Sammendrag
Nanoparticles (NPs) offer unique possibilities for medical applications, including the controlled release of cancer drugs, the use as imaging contrast during imaging procedures or the hyperthermic treatment of cancer cells. Flash Nanoprecipitation (FNP) produces NPs to combine these applications in a fast, cheap, and scalable coating process. Until now, FNP was successfully used to encapsulate hydrophobic, organic anti-cancer drugs with block-copolymers [1, 2]. The combination of hydrophobic oleic acid iron oxide NPs (IONPs) with amphiphilic block-copolymers offers promising theranostic abilities when modified with targeting ligands [3]. The use of FNP with a Multi Inlet Vortex Mixer (MIVM) is a promising method to easily coat IONPs with block-copolymers. The FNP coating process needs yet to be tested and understood for various biocompatible block-copolymers (Figure 1).

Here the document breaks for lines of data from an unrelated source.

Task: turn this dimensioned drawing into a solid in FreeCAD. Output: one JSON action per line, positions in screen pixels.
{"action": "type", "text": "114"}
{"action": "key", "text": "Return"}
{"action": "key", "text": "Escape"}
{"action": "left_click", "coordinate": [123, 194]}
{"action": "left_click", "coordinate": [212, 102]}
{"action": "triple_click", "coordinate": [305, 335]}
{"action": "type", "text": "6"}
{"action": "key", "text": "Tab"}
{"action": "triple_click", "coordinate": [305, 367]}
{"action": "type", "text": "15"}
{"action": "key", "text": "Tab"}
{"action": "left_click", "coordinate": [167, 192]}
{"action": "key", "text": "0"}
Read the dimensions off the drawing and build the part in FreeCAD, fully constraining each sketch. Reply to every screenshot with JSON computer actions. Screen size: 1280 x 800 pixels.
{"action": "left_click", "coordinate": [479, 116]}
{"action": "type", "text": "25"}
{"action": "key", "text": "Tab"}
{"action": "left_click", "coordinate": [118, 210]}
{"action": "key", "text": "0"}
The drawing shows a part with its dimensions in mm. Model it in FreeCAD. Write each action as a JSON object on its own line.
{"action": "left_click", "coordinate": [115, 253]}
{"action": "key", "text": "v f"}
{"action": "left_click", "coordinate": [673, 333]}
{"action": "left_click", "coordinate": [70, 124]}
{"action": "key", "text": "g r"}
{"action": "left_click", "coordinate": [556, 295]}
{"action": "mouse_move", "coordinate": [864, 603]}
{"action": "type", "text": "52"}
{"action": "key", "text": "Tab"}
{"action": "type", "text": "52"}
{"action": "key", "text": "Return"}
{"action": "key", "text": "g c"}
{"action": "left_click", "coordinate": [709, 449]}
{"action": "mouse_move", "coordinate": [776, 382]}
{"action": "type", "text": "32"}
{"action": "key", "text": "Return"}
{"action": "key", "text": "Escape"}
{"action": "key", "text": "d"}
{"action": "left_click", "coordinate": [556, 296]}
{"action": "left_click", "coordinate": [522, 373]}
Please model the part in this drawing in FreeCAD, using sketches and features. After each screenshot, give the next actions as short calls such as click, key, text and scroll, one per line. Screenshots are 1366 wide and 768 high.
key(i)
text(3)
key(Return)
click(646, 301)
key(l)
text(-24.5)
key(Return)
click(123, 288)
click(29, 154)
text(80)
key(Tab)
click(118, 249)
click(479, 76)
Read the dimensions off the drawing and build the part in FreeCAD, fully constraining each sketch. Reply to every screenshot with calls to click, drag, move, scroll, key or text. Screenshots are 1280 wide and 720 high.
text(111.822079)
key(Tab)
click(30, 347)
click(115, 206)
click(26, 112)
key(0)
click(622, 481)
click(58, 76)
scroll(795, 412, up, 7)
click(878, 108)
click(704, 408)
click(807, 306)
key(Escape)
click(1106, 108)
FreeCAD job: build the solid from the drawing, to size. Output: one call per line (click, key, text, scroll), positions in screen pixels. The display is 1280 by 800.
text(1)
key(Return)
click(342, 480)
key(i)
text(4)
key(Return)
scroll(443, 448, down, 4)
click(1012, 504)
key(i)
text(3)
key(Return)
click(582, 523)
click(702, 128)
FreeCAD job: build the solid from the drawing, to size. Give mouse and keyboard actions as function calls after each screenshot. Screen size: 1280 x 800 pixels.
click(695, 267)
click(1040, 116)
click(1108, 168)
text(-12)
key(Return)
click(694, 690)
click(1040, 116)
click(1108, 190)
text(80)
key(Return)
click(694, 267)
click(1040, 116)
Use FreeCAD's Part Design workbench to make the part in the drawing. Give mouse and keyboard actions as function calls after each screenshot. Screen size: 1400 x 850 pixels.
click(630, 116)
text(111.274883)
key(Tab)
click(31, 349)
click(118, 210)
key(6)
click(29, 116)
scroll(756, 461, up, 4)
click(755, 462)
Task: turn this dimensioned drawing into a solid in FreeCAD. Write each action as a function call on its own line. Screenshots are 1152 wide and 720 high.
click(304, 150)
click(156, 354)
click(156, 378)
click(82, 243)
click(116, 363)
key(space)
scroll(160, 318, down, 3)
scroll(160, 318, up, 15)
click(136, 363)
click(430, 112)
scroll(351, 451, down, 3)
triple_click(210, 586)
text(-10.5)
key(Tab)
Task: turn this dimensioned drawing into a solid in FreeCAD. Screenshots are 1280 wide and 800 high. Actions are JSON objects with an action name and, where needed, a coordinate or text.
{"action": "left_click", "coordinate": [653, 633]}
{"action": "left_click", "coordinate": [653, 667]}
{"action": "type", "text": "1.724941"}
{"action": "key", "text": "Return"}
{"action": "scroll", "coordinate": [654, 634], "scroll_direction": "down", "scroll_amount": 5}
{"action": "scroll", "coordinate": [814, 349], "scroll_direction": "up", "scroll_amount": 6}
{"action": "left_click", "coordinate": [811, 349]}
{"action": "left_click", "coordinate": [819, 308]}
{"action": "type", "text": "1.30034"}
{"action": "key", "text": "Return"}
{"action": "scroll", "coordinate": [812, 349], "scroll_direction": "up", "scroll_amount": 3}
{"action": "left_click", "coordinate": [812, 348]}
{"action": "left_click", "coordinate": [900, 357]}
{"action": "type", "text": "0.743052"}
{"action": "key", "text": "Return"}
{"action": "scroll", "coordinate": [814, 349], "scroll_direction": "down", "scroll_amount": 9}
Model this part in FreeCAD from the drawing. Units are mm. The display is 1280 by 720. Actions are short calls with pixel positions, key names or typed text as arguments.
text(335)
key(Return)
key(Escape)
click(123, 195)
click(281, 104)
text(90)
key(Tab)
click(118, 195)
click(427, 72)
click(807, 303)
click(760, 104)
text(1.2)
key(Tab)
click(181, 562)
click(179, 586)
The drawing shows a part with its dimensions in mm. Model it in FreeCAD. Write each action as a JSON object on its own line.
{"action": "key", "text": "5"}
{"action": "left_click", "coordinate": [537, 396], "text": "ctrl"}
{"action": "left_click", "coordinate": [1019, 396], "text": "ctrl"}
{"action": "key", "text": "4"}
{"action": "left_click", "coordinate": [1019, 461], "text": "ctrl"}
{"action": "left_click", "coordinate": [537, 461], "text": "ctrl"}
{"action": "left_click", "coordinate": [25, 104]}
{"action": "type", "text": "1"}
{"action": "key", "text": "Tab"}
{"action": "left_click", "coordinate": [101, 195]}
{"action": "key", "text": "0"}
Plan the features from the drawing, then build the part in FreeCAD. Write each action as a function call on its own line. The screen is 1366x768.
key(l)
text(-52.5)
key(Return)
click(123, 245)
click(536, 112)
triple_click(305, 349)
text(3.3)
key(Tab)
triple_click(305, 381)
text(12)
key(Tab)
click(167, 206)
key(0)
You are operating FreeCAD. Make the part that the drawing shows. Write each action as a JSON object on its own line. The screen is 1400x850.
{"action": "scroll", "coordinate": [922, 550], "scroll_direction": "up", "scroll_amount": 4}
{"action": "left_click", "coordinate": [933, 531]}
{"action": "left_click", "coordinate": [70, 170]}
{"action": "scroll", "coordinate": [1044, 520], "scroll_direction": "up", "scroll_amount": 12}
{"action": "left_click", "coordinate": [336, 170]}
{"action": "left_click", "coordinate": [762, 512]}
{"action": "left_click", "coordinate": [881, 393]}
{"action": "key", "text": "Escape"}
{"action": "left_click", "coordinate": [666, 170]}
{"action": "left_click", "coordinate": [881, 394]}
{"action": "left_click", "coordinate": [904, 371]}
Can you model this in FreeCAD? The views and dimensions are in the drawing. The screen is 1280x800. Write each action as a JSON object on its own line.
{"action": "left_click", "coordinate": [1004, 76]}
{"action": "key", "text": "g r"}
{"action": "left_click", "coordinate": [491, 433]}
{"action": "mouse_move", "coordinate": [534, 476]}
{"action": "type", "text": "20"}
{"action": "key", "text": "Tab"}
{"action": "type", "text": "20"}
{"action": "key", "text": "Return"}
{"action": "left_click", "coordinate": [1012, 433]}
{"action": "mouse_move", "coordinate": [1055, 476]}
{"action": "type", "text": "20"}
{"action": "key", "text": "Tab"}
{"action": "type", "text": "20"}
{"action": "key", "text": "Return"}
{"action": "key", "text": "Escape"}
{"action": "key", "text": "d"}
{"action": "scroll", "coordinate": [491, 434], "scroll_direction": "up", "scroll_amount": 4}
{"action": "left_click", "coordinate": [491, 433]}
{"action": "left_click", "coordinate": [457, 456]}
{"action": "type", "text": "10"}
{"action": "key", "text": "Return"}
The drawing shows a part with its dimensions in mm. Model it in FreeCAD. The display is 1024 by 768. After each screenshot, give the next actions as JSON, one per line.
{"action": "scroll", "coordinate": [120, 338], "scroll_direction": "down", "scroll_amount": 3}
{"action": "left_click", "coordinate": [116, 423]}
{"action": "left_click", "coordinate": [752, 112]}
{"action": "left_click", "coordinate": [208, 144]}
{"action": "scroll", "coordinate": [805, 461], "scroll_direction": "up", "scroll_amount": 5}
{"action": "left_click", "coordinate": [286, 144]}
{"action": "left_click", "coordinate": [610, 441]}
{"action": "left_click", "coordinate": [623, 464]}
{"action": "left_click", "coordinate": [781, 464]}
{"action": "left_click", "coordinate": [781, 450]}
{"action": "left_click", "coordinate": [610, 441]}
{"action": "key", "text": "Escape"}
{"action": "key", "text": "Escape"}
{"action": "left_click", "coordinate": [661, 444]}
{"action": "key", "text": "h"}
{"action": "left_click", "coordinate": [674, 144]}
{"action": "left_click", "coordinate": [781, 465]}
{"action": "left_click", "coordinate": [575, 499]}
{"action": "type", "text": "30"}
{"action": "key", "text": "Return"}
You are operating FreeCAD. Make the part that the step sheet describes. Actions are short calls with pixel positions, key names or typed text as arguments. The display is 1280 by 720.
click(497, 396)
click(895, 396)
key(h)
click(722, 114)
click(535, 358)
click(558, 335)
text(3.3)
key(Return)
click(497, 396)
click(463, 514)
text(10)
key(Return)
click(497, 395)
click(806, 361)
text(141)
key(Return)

Amphiphilic block-copolymers based on hydrophilic polyethylene glycol (PEG) and hydrophobic poly(lactic acid) (PLA), poly(lactic-co-glycolic acid) (PLGA) or poly(caprolactone) (PCL) were successfully synthesized. The organic catalyst 1,8-diazabicyclo[5.4.0]undec-7-ene (DBU) was used to increase biocompatibility of the resulting polymers PEG-PLA, PEG-PLGA and PEG-PCL. The synthesis of hydroxyl terminated poly(acrylic acid) (PAA-OH) followed by the polymerization with PLGA was attempted.
The amphiphilic block-copolymers were used in combination with the stabilizer polysorbate 80 (Tween80) in FNP to form bare polymeric NPs using a MIVM as the reactor. DLS and STEM confirmed particle sizes between 50-100 nm. The addition of 13 ± 2 nm hydrophobic oleic acid coated IONPs yielded an increase in particle size as well as increase in particle stability over time. STEM images showed attachment of single IONPs to the outside of the polymeric NPs. Hydrophobic interactions between the polymer and oleic acid coated IONPs are possible.
To achieve encapsulation of the IONPs, adjustments to the process parameters of FNP should be considered in future research. Additional experiments are required to explore possible drug addition, release mechanisms and hyperthermia behavior of the polymer coated IONPs particles.